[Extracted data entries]

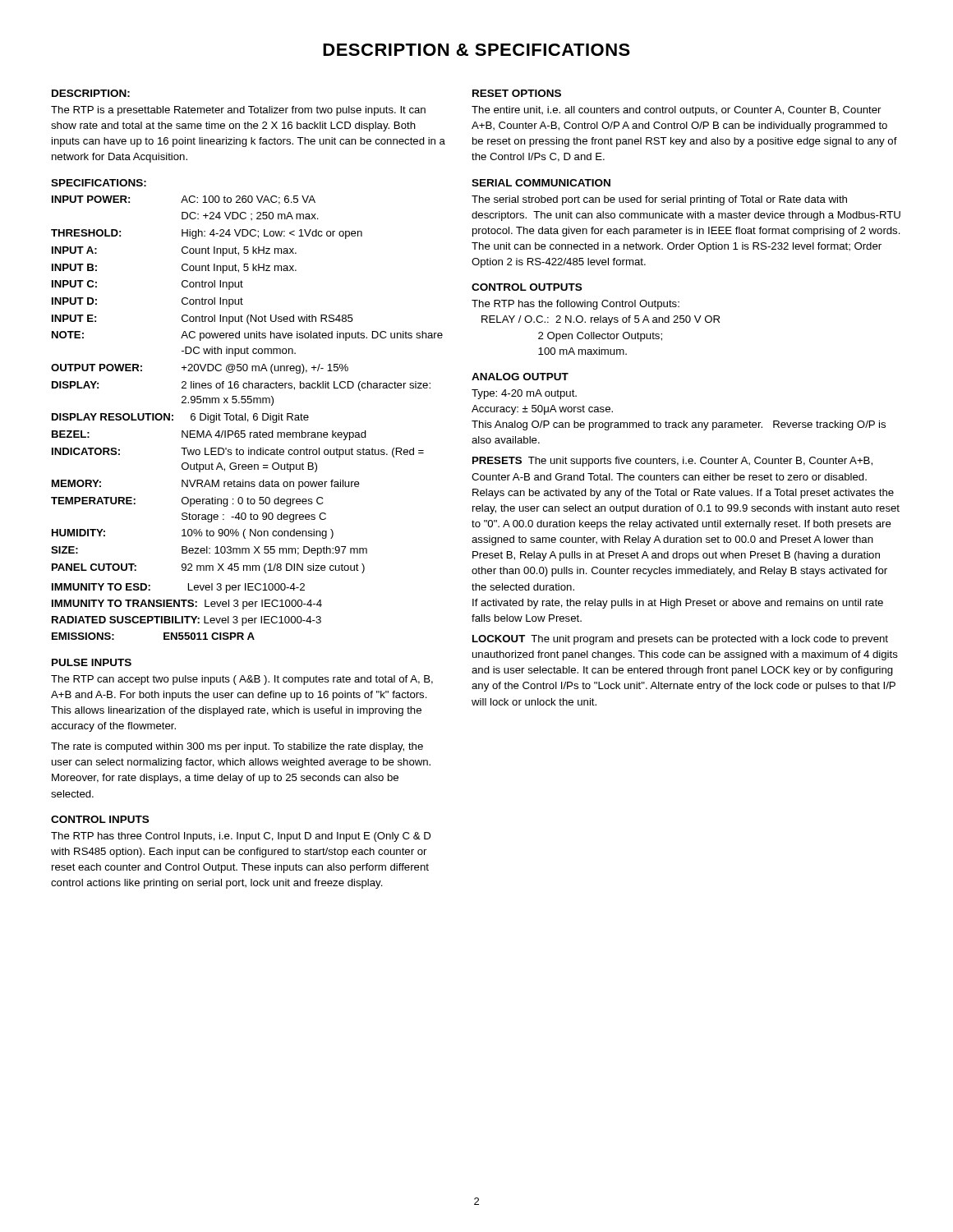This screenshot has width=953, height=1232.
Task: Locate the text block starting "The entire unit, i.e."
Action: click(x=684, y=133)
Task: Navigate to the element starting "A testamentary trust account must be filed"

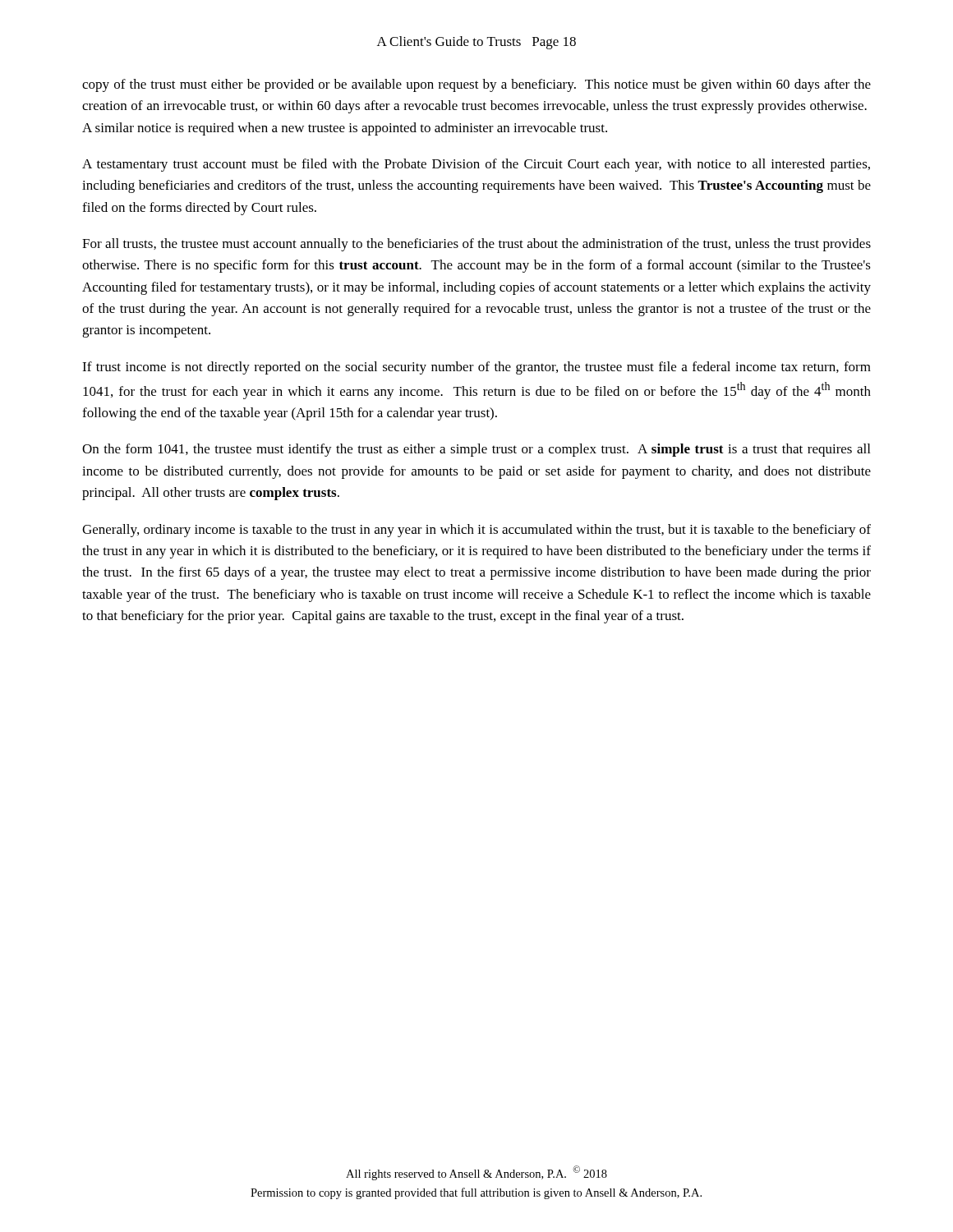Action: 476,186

#### YOUR OBJECTIVE:
Each line from the one containing "Task: Navigate to" through the last line of the data should be written out exactly. Skip the pictures, and add no other lines.

#### ANSWER SECTION:
Task: Navigate to the element starting "A testamentary trust account must be filed"

Action: 476,186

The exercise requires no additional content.